Examples: ArangoDB, OrientDB

Use cases

Data integration: Brings together structured and unstructured data from various sources, making it easier to work with complex datasets.

Hybrid applications: An all-in-one system that supports a mix of data types and queries, such as combining graph relationships with document storage.

IoT platforms: Handles time-series data, relationships, and JSON documents efficiently to support IoT devices and their data streams.

Choosing the right modern database

Modern databases offer solutions for just about any application, from real-time analytics to managing complex relationships. Understanding your data and project goals will help you choose the database that meets your needs and grows with you.

Selecting a database begins with a clear understanding of your data and application requirements. Consider the following questions.

What kind of data are you dealing with? A relational or column-family database might be the best fit if your data is structured and predictable. A document or multi-model database could be a better choice for more flexible, semi-structured data.

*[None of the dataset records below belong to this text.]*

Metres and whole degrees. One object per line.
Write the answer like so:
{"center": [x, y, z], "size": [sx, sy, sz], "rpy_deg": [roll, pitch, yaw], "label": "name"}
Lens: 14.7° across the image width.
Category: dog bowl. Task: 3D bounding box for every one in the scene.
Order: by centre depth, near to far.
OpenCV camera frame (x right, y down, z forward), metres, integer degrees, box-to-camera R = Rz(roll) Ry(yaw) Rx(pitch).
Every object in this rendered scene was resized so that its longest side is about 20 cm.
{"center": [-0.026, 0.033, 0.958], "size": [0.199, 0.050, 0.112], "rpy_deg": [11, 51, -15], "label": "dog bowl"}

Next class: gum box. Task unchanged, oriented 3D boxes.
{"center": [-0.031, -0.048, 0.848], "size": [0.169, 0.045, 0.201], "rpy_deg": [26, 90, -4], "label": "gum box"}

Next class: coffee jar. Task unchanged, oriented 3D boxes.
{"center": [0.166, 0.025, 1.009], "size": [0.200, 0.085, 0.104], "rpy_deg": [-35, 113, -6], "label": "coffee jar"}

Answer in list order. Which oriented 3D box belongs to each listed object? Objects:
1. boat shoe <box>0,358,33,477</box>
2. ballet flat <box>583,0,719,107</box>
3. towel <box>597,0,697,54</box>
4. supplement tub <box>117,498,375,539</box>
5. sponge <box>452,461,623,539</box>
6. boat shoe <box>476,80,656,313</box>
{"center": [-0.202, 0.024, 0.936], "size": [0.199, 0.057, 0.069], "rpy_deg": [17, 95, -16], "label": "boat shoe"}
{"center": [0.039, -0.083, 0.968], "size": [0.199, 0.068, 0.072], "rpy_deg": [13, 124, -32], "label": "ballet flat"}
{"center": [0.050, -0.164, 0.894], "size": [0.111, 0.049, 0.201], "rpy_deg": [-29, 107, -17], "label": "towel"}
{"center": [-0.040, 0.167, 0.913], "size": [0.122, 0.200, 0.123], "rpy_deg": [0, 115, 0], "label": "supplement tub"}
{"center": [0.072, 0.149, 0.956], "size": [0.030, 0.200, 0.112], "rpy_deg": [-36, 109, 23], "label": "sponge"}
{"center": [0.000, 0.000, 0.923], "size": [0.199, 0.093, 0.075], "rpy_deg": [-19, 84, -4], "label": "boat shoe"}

Do you need to analyze relationships? A graph database is ideal if your work involves connected data, like mapping social networks or building recommendation systems.

How much scaling do you need? Key-value databases are an excellent option for applications requiring lightning-fast performance. A column-family database can handle the load if you’re dealing with massive datasets and need high availability.

Are you working with a mix of data types? Multi-model databases allow you to manage different kinds of data within a single system.

By answering these questions, you can identify the database that aligns best with your data needs and ensures your applications run efficiently, no matter how complex or demanding they become.

Conclusion

Databases are the backbone of so much of what we rely on today, from e-commerce to social networks and real-time analytics. Modern databases give us the tools to handle complex, ever-changing data needs quickly and efficiently. The real challenge is figuring out which modern database system fits your specific goals, but once you do, you’ll have a strong foundation to build robust and adaptable database systems that can grow alongside your business.

View the MongoDB Distributed Systems Research Group’s dedicated page to learn more about their ongoing research.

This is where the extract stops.